• _Task description_: Take the lines below between the one holding "#1 toy sandwich meal (0, 368, 165, 539)" and the one holding "#15 plant saucer (0, 0, 25, 54)", inclusive, and copy them exactly. Add nothing.

• _Dataset records_:

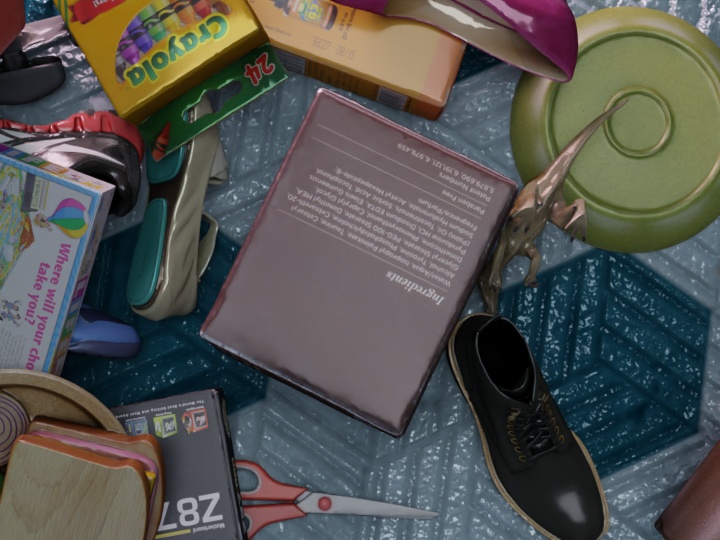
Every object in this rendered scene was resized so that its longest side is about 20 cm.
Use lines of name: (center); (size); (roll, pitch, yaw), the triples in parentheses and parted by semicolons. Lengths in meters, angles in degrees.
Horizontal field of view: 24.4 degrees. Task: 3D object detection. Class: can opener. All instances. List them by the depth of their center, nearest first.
can opener: (-0.212, -0.183, 1.318); (0.198, 0.053, 0.067); (-14, 117, -4)

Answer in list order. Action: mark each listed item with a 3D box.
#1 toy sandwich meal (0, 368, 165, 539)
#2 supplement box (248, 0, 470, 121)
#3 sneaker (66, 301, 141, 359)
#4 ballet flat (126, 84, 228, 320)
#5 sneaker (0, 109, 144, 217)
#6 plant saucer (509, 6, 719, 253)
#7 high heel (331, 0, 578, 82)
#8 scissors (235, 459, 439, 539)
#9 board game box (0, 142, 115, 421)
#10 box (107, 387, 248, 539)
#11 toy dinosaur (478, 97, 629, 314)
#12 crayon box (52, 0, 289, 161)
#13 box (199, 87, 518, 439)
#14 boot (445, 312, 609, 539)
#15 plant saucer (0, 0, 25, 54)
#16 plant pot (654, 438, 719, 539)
toy sandwich meal: (-0.242, 0.168, 1.193); (0.203, 0.070, 0.207); (-1, 106, -5)
supplement box: (-0.019, -0.185, 1.312); (0.198, 0.069, 0.067); (21, 83, -3)
sneaker: (-0.257, 0.012, 1.279); (0.198, 0.074, 0.083); (22, 82, -2)
ballet flat: (-0.137, -0.059, 1.301); (0.069, 0.069, 0.202); (10, 86, -2)
sneaker: (-0.256, -0.067, 1.257); (0.198, 0.071, 0.098); (-5, 48, -16)
plant saucer: (0.219, -0.116, 1.335); (0.198, 0.031, 0.202); (0, 85, -2)
high heel: (0.068, -0.187, 1.254); (0.198, 0.067, 0.097); (1, 68, -19)
scissors: (-0.040, 0.175, 1.303); (0.198, 0.014, 0.074); (-9, 83, -2)
board game box: (-0.271, 0.011, 1.218); (0.133, 0.034, 0.202); (21, 104, 6)
box: (-0.189, 0.186, 1.273); (0.198, 0.049, 0.163); (-9, 88, 1)
toy dinosaur: (0.136, -0.051, 1.274); (0.058, 0.101, 0.201); (29, 105, -14)
crayon box: (-0.155, -0.200, 1.248); (0.126, 0.051, 0.201); (-32, 85, 4)
box: (0.000, 0.000, 1.243); (0.163, 0.166, 0.201); (26, 84, 2)
boot: (0.128, 0.124, 1.255); (0.077, 0.138, 0.201); (-34, 88, -5)
plant saucer: (-0.325, -0.142, 1.238); (0.037, 0.199, 0.200); (44, 85, -24)
plant pot: (0.339, 0.171, 1.245); (0.200, 0.200, 0.198); (42, 93, 1)

• _Output below_:
#1 toy sandwich meal (0, 368, 165, 539)
#2 supplement box (248, 0, 470, 121)
#3 sneaker (66, 301, 141, 359)
#4 ballet flat (126, 84, 228, 320)
#5 sneaker (0, 109, 144, 217)
#6 plant saucer (509, 6, 719, 253)
#7 high heel (331, 0, 578, 82)
#8 scissors (235, 459, 439, 539)
#9 board game box (0, 142, 115, 421)
#10 box (107, 387, 248, 539)
#11 toy dinosaur (478, 97, 629, 314)
#12 crayon box (52, 0, 289, 161)
#13 box (199, 87, 518, 439)
#14 boot (445, 312, 609, 539)
#15 plant saucer (0, 0, 25, 54)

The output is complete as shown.